Cuando él se dio cuenta de lo que había pasado se puso transparente de la vergüenza. En ese momento, él comprendió la suposición que había hecho al verla tan joven y que lo había llevado a cometer un error. Ella dice que ese fue un hermoso momento en su carrera, realmente fortalecedor, porque me di cuenta de que el síndrome del impostor se convirtió, en ese momento, en su superpoder. 

Nadie quiere sentirse como un impostor en el trabajo. Pero la verdad es que el síndrome del impostor es algo real. Parece, además, que es más frecuente entre las mujeres porque, además de sus competencias profesionales, le añaden su apariencia física, con lo que el síndrome del impostor se convierte así, muy a menudo en el síndrome de la impostora. Dos tercios de las mujeres lo han experimentado.

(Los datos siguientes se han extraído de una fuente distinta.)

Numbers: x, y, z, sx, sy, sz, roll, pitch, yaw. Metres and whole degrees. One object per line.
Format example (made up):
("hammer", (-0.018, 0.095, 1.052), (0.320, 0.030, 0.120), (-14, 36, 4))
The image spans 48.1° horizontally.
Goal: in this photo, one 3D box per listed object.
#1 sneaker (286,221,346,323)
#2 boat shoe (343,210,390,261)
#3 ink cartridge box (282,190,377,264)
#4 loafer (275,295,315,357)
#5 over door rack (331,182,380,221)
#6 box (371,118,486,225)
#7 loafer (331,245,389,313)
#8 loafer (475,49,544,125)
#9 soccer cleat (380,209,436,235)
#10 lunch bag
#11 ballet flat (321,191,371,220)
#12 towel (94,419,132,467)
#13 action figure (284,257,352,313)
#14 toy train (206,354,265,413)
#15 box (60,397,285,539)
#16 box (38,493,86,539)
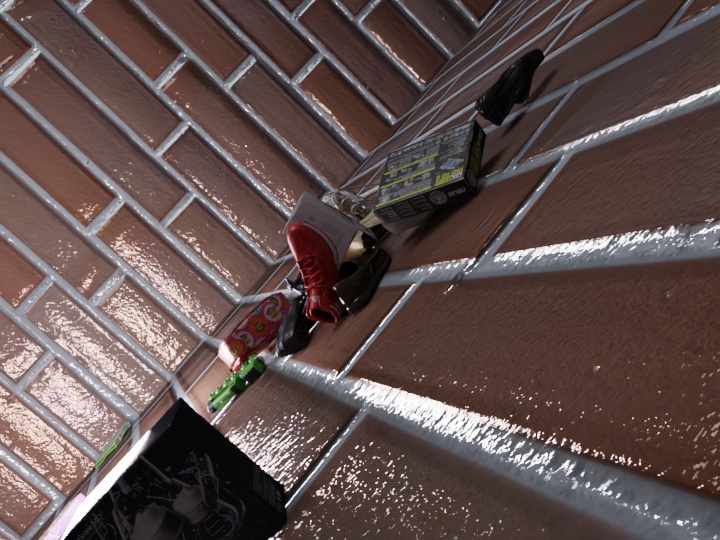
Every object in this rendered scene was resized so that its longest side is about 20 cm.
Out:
("sneaker", (-0.081, 0.012, 1.499), (0.078, 0.201, 0.116), (-24, 25, 26))
("boat shoe", (0.007, -0.069, 1.801), (0.200, 0.071, 0.076), (-45, 25, 26))
("ink cartridge box", (-0.062, -0.081, 1.661), (0.084, 0.175, 0.200), (-61, 6, 7))
("loafer", (-0.138, 0.112, 1.685), (0.070, 0.068, 0.201), (-35, 17, 21))
("over door rack", (0.053, -0.159, 1.737), (0.198, 0.067, 0.148), (-21, 23, -14))
("box", (0.125, -0.179, 1.471), (0.199, 0.044, 0.161), (-17, 42, 34))
("loafer", (0.000, 0.000, 1.516), (0.073, 0.071, 0.200), (-42, 11, 28))
("loafer", (0.303, -0.360, 1.587), (0.201, 0.070, 0.068), (-47, 8, -24))
("soccer cleat", (0.128, -0.138, 1.542), (0.199, 0.078, 0.070), (-31, 50, 15))
("lunch bag", (-0.250, 0.150, 1.921), (0.200, 0.082, 0.176), (-44, -3, -25))
("ballet flat", (-0.017, -0.118, 1.860), (0.075, 0.199, 0.064), (-24, 59, 37))
("towel", (-1.010, 0.710, 3.300), (0.149, 0.031, 0.200), (-48, 11, 14))
("action figure", (-0.083, 0.012, 1.707), (0.103, 0.118, 0.200), (-61, -6, 30))
("toy train", (-0.286, 0.262, 1.837), (0.200, 0.042, 0.057), (-43, 21, 27))
("box", (-0.222, 0.296, 0.977), (0.200, 0.182, 0.104), (-47, 10, 3))
("box", (-0.983, 0.833, 2.627), (0.137, 0.039, 0.200), (-38, 13, 41))

El síndrome del impostor es una sensación de inseguridad relacionada con los logros laborales. Puede que te sientas como un impostor porque no crees merecer tu trabajo. A menudo, el síndrome del impostor te hace sentir como si estuvieras engañando a tus compañeros de trabajo para que piensen que eres bueno en lo que haces y tienes la percepción de ti mismo como si fueras un fraude. Muchas mujeres creen que su éxito se debe a la suerte o que sus logros son exagerados. 

Estos sentimientos de impostor no solo afectaron a las mujeres de la década de 1970, están presentes, incluso hoy en día, en todo tipo de profesionales y personas de alto rendimiento.

¿Cómo saber si tienes el síndrome del impostor?

Puede que quizá tengas dudas sobre si tienes el síndrome del impostor o tal vez simplemente estés experimentando falta de confianza en ti mismo. Los síntomas del síndrome del impostor o impostora pueden ser los siguientes:

Sentir que solo has llegado a donde estás hoy por un golpe de suerte, y no por tus habilidades o capacidades. 

Basar tu autoestima en la forma en que percibes tus propias habilidades.

Sentir que necesitas ser un perfeccionista para producir un trabajo satisfactorio. 

Sacrificar tu propio bienestar para realizar más trabajo.

Dudas de tus propias capacidades y no crees que hayas llegado hasta dónde estás por ellas o por tu valía.

Sentirte solo, o la necesidad de aislarte, para que nadie descubra tu “secreto”. 

Deterioro de tu salud mental como resultado del exceso de trabajo y el agotamiento.

Sentir que, en cualquier momento, alguien se va a “dar cuenta” de que no eres tan competente como pareces ser, especialmente cuando no hay pruebas de que ese sea el caso.

Si te sientes identificado con alguna de estas sensaciones, no eres el único. El 62 % de los trabajadores del conocimiento de todo el mundo manifestaron haber experimentado el síndrome del impostor. 

Los más propensos a padecerlo

Lo padecen especialmente personas que están en puestos de gran responsabilidad y, a menudo, personas con una carrera profesional de éxito.  Hay 5 tipologías o grupos de personas más propensas a padecer el síndrome:

Perfeccionistas: Las personas excesivamente perfeccionistas se imponen objetivos altos y muchas veces difíciles de cumplir. Nunca están satisfechas con el trabajo realizado porque consideran que siempre podrían hacerlo mejor.

Súper-humano: Cada vez trabajan más y más duro, sin poner límite.

Genio natural: Son aquellas personas que se imponen hacer bien sus tareas en el primer intento, rápidamente y de forma fluida. Cuando no suceden sienten que son farsantes.

Individualistas: Los individualistas no suelen pedir ayuda, consideran que es un síntoma de debilidad.

Expertos: Aquellos que creen que no han sido sinceros con sus capacidades y tienen miedo a ser descubiertos.